## WHAT IS BEING ASKED
The lines needed are those below that contain the word "operator"; copy each one.

## RECORD EXTRACTS

- - -

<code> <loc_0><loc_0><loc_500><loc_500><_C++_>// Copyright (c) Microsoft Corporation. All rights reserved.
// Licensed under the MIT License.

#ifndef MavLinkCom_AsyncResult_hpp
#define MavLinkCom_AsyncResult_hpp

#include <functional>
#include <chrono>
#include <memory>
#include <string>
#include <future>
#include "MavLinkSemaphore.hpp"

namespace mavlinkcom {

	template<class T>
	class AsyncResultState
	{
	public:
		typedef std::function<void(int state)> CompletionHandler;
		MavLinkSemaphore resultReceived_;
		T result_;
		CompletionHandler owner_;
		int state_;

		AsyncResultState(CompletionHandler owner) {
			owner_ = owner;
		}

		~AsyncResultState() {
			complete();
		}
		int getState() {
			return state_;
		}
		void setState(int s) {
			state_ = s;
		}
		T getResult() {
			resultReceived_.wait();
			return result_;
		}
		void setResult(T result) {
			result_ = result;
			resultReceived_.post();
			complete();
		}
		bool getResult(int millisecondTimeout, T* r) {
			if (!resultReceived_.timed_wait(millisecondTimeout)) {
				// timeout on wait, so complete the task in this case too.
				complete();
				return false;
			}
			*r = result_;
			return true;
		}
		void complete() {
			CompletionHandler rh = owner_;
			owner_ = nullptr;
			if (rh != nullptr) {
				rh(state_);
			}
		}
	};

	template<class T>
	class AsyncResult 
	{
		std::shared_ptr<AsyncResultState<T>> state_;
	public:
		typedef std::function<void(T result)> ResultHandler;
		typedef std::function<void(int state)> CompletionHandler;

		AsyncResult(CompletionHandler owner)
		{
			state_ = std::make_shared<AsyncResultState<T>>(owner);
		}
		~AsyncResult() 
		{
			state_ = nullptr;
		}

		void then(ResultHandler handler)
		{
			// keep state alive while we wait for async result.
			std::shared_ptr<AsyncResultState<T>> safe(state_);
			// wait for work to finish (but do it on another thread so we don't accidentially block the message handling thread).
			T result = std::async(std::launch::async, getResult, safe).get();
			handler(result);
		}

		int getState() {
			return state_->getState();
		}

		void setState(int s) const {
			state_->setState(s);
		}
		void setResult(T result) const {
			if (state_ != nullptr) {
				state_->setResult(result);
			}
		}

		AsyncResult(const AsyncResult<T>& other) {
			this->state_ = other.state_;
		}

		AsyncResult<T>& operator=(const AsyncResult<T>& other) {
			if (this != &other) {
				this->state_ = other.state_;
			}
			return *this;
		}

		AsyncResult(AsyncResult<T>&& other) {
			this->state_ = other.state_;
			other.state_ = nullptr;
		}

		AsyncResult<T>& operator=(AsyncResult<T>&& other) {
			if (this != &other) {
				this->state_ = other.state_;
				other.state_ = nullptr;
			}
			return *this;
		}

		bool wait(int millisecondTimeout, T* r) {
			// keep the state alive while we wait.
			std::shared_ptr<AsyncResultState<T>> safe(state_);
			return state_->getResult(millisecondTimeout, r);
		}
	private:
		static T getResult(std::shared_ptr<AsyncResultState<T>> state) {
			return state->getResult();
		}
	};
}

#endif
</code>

- - -

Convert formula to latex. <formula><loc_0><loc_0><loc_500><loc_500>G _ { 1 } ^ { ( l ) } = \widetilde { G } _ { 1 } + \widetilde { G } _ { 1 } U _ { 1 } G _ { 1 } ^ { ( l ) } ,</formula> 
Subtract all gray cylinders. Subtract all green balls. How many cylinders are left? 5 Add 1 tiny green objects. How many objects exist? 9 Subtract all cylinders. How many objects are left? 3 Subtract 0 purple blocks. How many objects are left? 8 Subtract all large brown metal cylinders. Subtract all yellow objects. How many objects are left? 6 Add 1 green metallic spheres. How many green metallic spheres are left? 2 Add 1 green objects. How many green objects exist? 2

- - -

## FINAL ANSWER
		AsyncResult<T>& operator=(const AsyncResult<T>& other) {
		AsyncResult<T>& operator=(AsyncResult<T>&& other) {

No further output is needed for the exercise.